L'homme, à peine sorti de sa jungle ou de ses cavernes, n'accordait pas une importance phénoménale à sa tenue en public. Il battait la savane sans se soucier qu'on lui reprochât de gambader cul nu, le dos voûté, rasé de l'avant-veille, baigné de l'an dernier et se grattant ostensiblement le postérieur, un Bambi sanguinolent jeté sur l'épaule.

Puis vint l'habitude, chez les homo sapiens suffisamment civilisés, de faire salon. On se retrouvait dans la grotte du fond entre chasseurs de la haute, artistes distingués, amateurs de bons cris, où l'on griffonnait des mammouths sur le mur tandis que d'autres gesticulaient la dernière comédie. Il était alors de bon ton d'en griller une afin de montrer que contrairement à ces connards de néandertals, on maîtrisait le feu[1].

L'habitude de fumer pour se donner bonne contenance subsista à travers les millénaires. L'on inventa les vestons, les chapeaux, les montres, les lunettes de soleil, les bijoux, les chaussures de marque, las, rien ne donnait tant la classe qu'un filet de fumée sur une photo en noir et blanc. Le tabac ne restait cependant qu'un maigre progrès de civilisation. Il laissait, en effet, les doigts aussi sales et puants qu'un grattage de postérieur primitif.

L'homme inventa donc le smartphone.

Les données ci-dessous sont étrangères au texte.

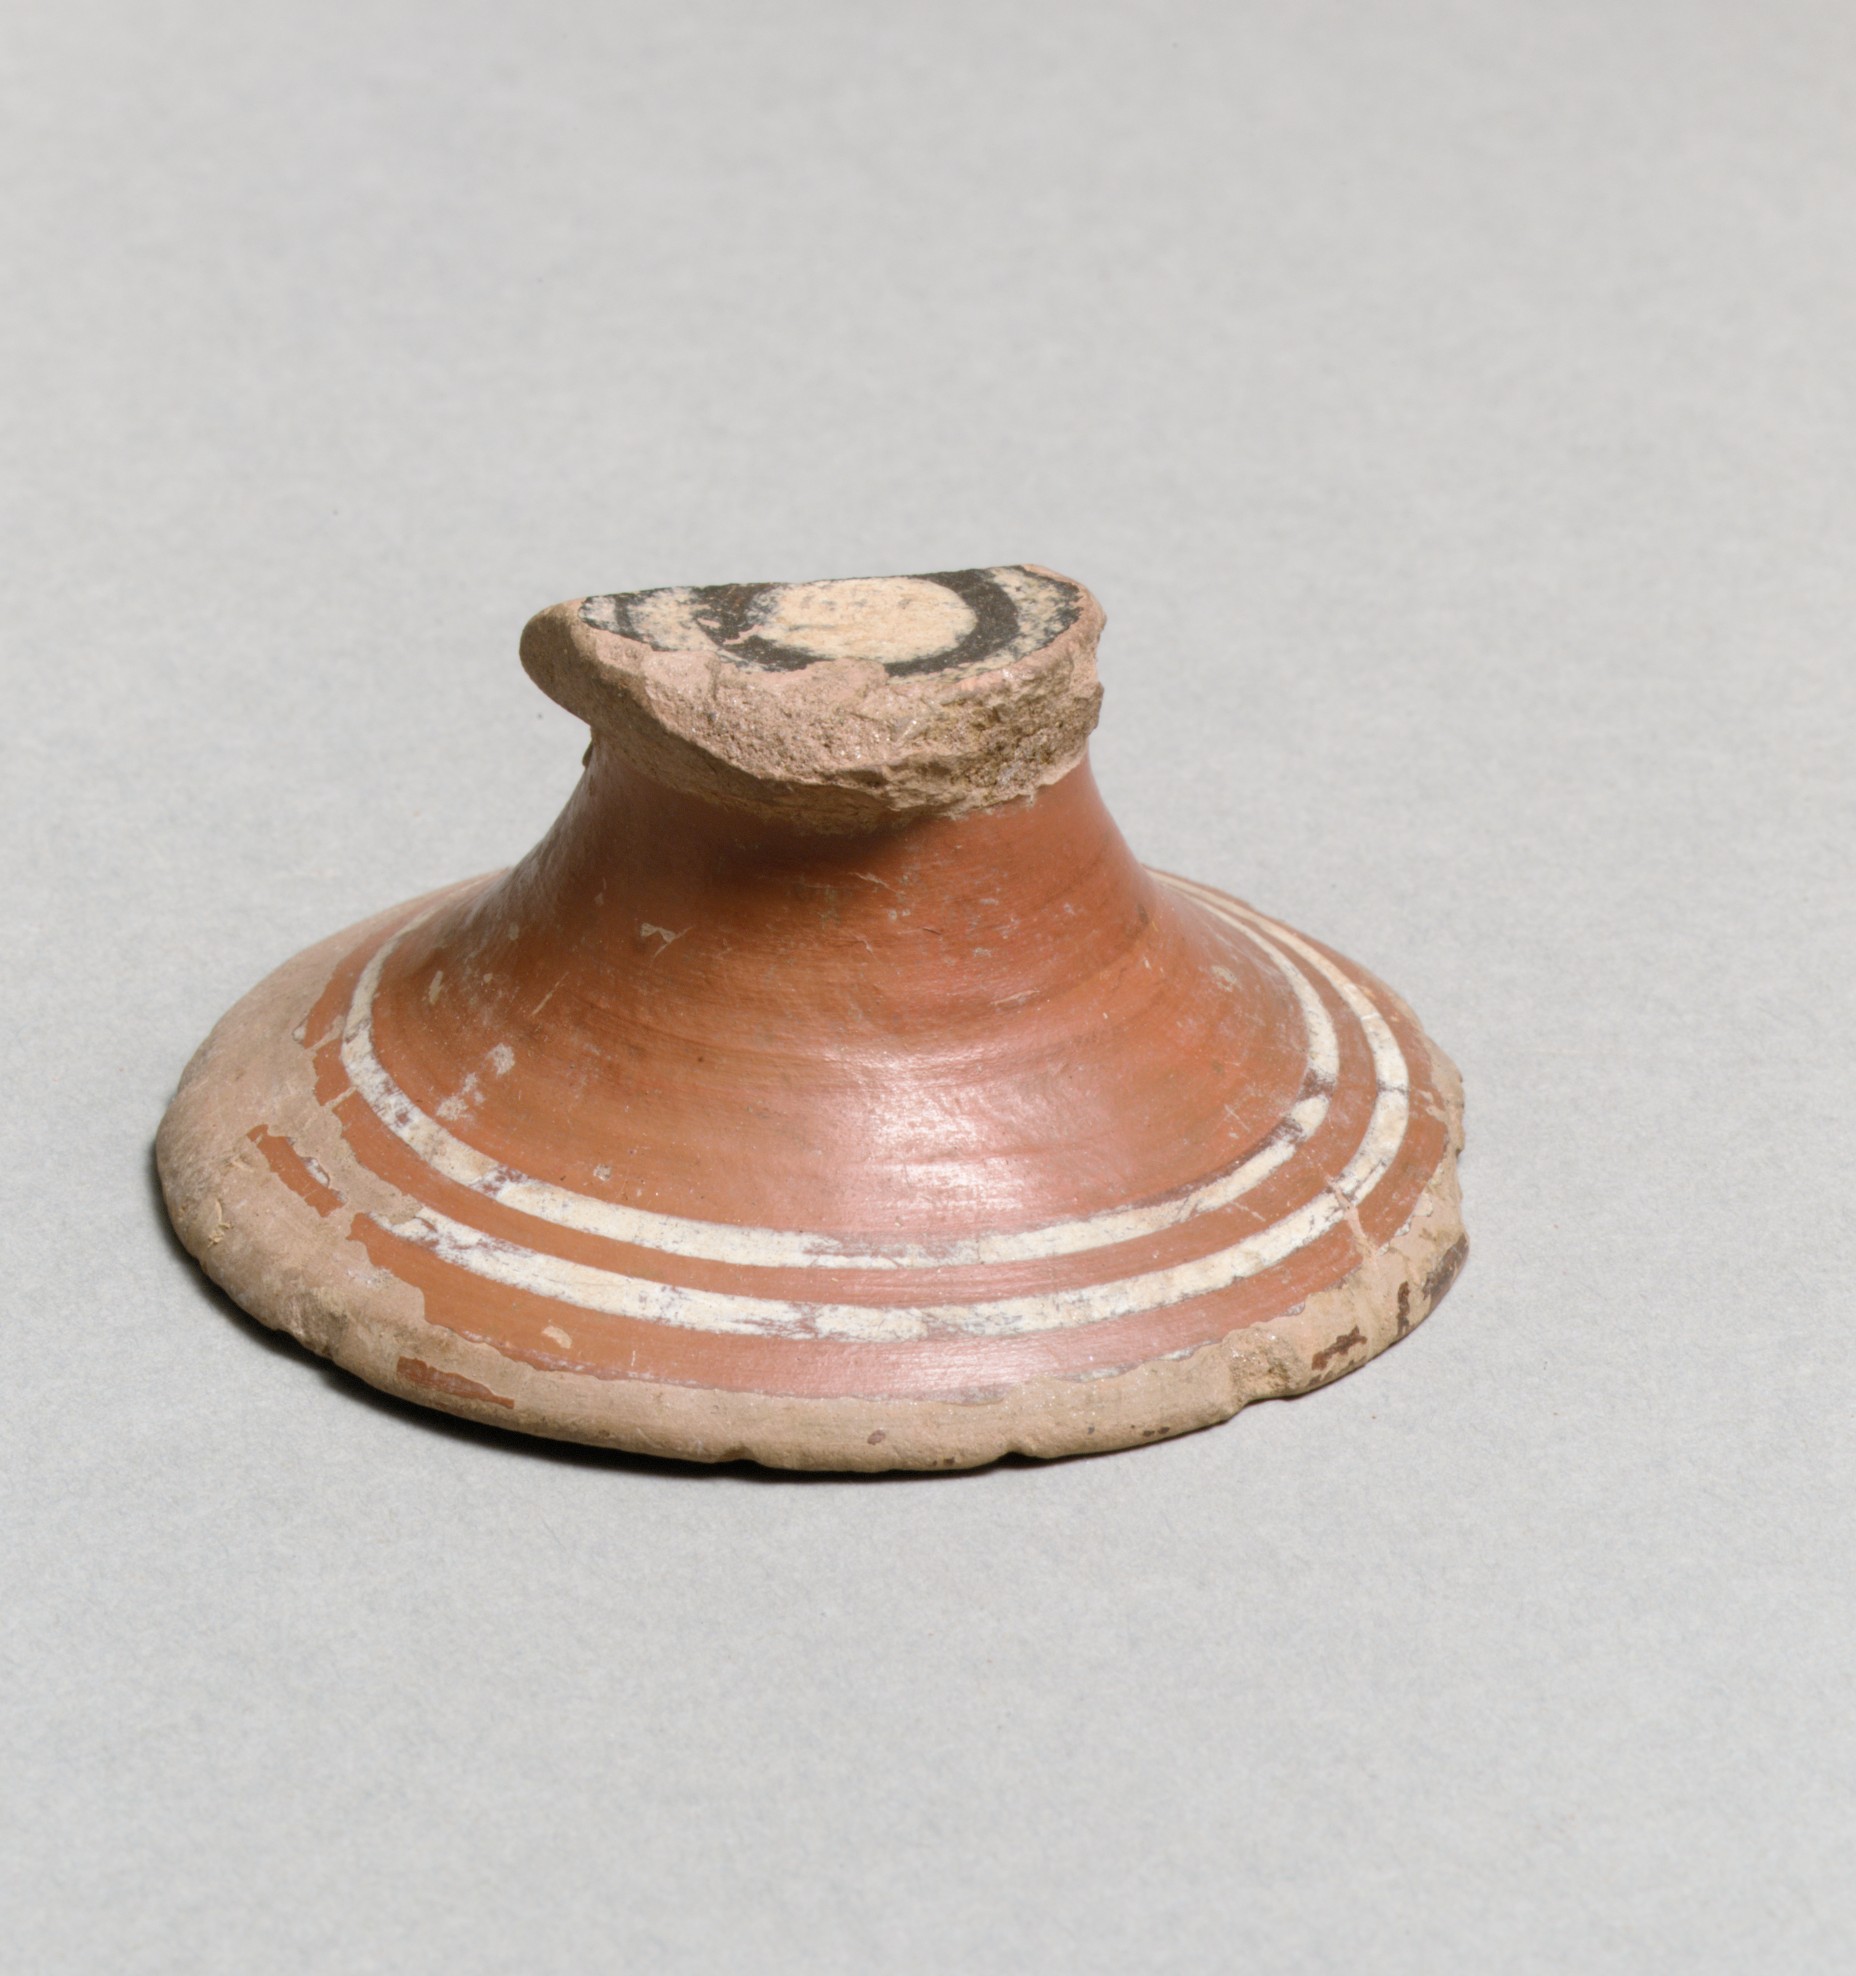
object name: vase fragment
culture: greek or lydian
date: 900-30 BCE
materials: terracotta

L'utilité du smartphone rejoint en partie celle du tabac : il occupe les doigts et justifie que l'on aille s'isoler du groupe social. Il partage aussi certains caractères du tabac : interdit dans l'avion et, à l'instar du briquet, langoureusement balancé à bout de bras dans les concerts. Surtout, il rend toute dignité à celui qui se retrouve, l'espace d'un instant, isolé en soirée. Pianoter sur son smartphone, adossé au mur dans une posture calculée (tout se joue dans les jambes), l'air concentré voire préoccupé, fait passer instantanément du statut de looser à celui de businessman. En outre, un smartphone correctement utilisé n'empuantit pas les doigts.

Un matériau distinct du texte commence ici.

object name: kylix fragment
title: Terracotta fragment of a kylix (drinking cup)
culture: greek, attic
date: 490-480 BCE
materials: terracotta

Le smartphone partage pourtant avec le tabac certains défauts. Le manque dès le réveil qui pousse à entamer chaque belle journée par une quinte de spam nauséabond. Plus généralement, l'accoutumance. Sans compter la gêne des autres : conversations téléphoniques qui polluent la table voisine au restaurant, besoin de trouver du wi-fi comme d'autres cherchent un bureau de tabac… Il y a aussi l'empreinte sur le budget et, dit-on, l'atteinte à la santé. Le pire restant que si les doigts sont libérés de leur odeur, c'est tout l'utilisateur de smartphone qui peut parfois s'avérer infect dans ses manières.

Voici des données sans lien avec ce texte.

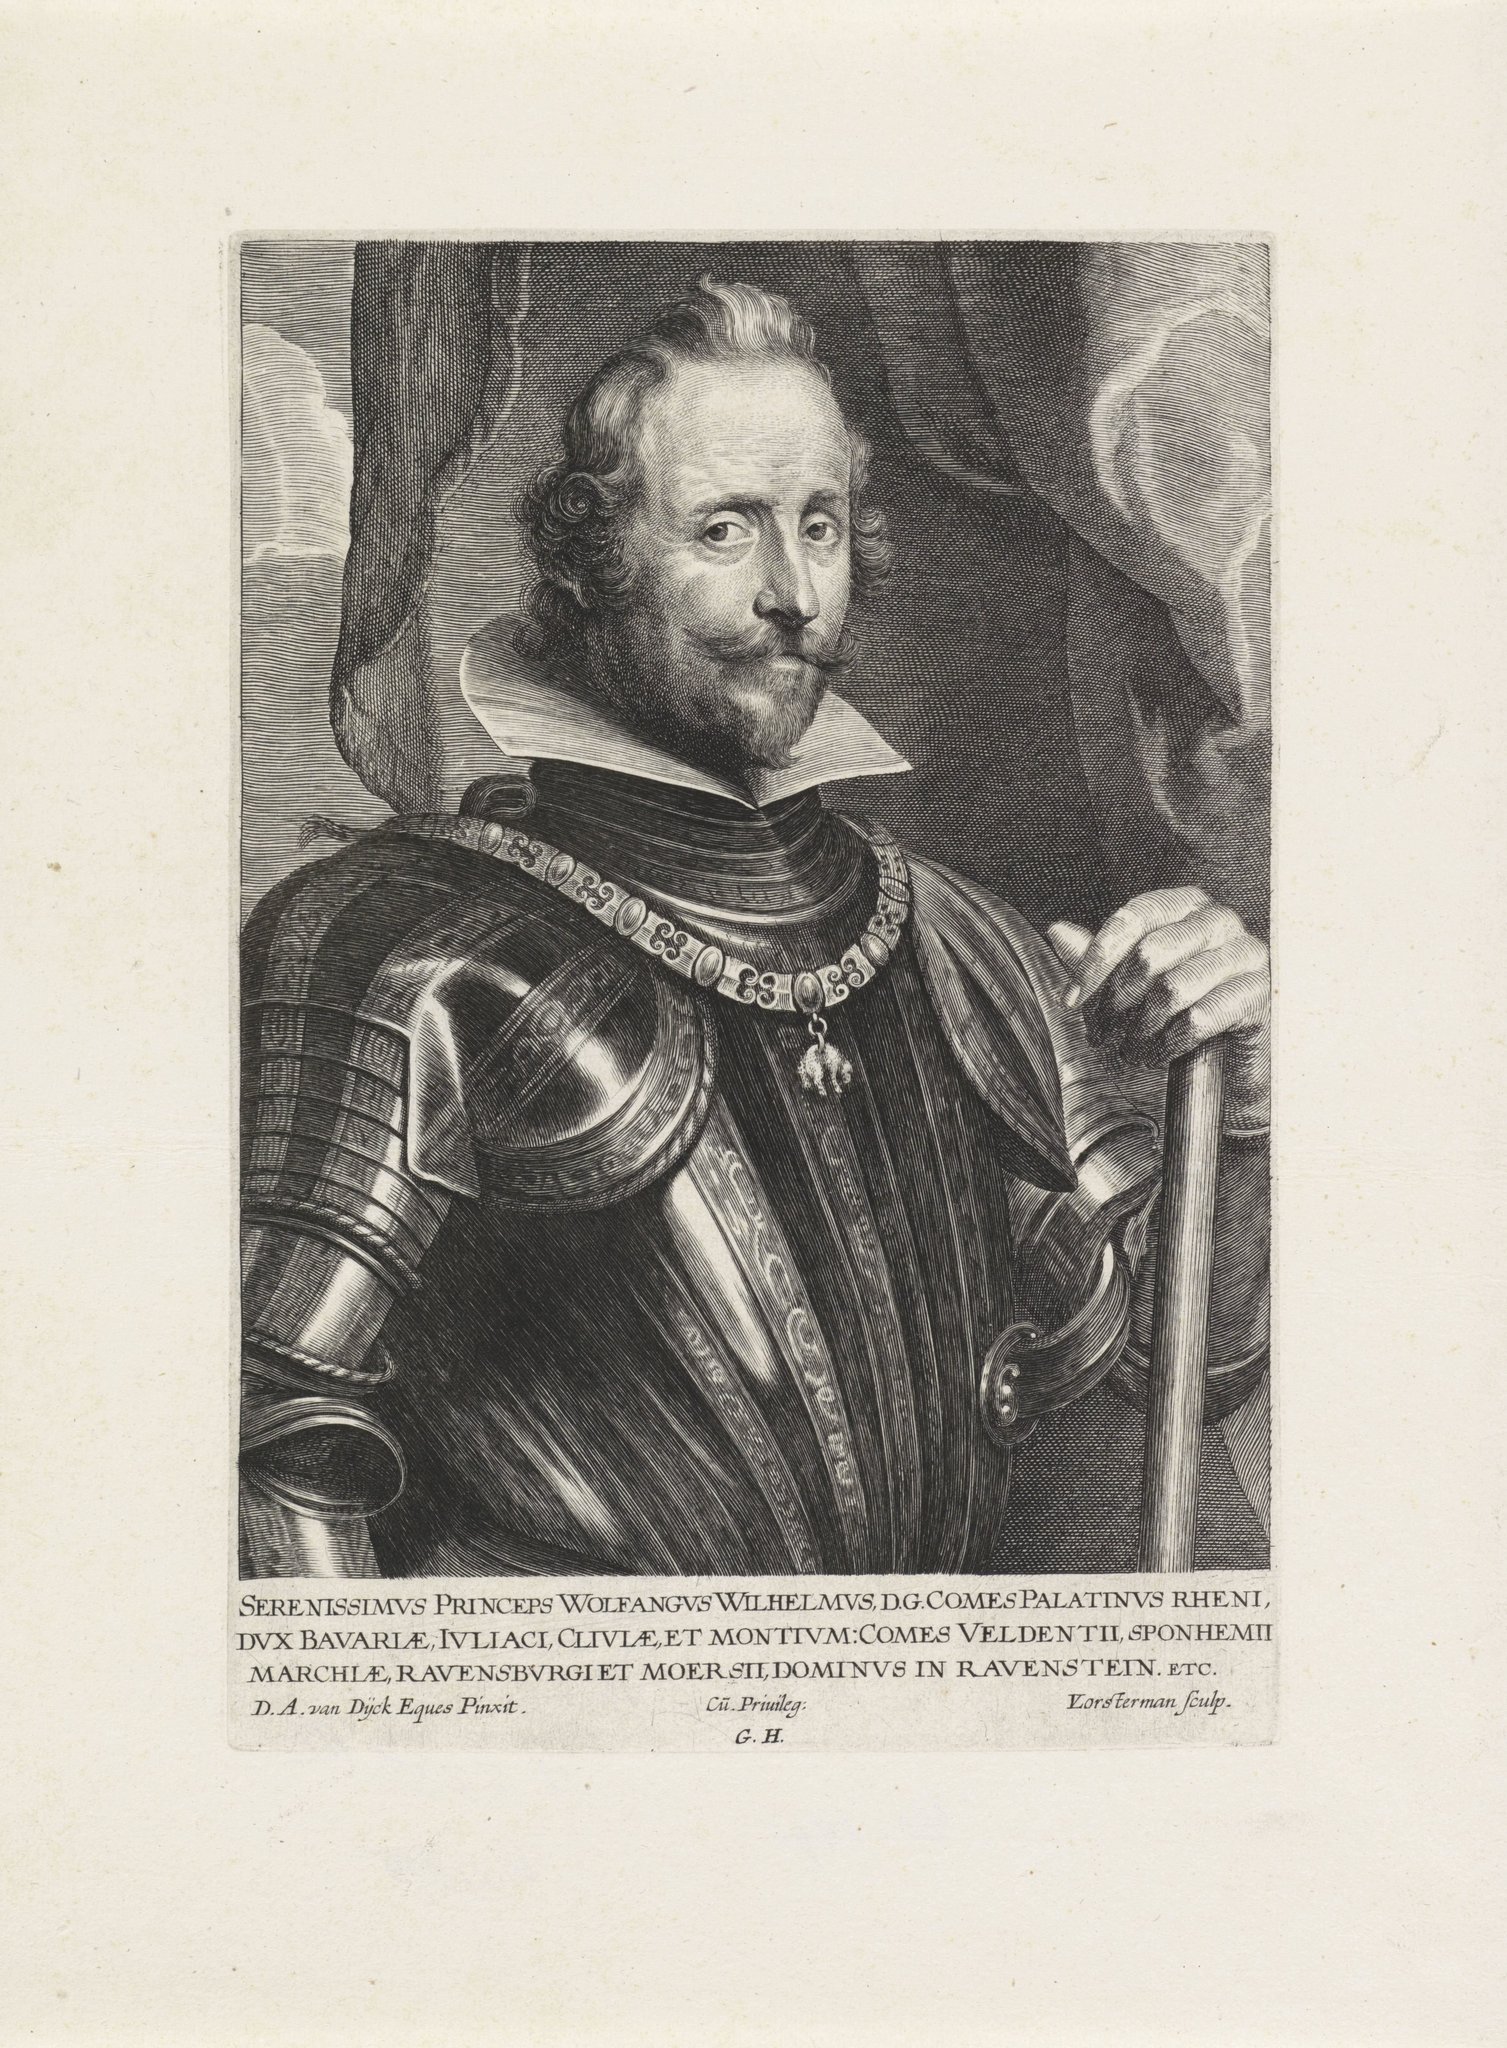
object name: print
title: Iconographie
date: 1645-1646
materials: paper
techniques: engraving
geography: antwerp
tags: wolfgang willem van de palts-neuburg, armour, knighthood order of the golden fleece, baton of general
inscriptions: collector's mark: Lugt 2760, collector's mark: Lugt 2166, collector's mark: Lugt 2228
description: Prent gebruikt voor: Icones principum, virorum doctorum, pictorum, chalcographorum, statuariorum nec non amatorum pictoriae artis numero centum ab Ant. van Dyck ad vivum expressae ejusque sumptibus aeri incisae. Antwerpen: Gillis Hendricx, [1645-1646].

C'est ainsi que, pour m'aider à arrêter le smartphone, j'envisage de commencer à fumer. Établissant définitivement le lien entre téléphone portable et cancer.

Épilogue

Dans le futur, on se baladera cul nu, pas rasé, on se grattera le postérieur et la réalité augmentée nous fera apparaître aux smarteyes® de nos congénères comme des Humphrey Bogart et des Audrey Hepburn entourés de volutes mystérieuses.

Photo by Yousuf Karsh

(Billet inspiré d'un tweet de @Vinvin.)

Notes

[1] Rigoureusement faux mais indispensable à l'effet narratif. Les néandertals faisaient du feu, je les ai vus comme je vous vois. Ne croyez pas ce qui se dit sur le net. Ne croyez pas ce qui se dit tout court. On vous ment. Faites gaffe. Je déconne pas. Et ne tenez pas compte de cette note plus que du reste.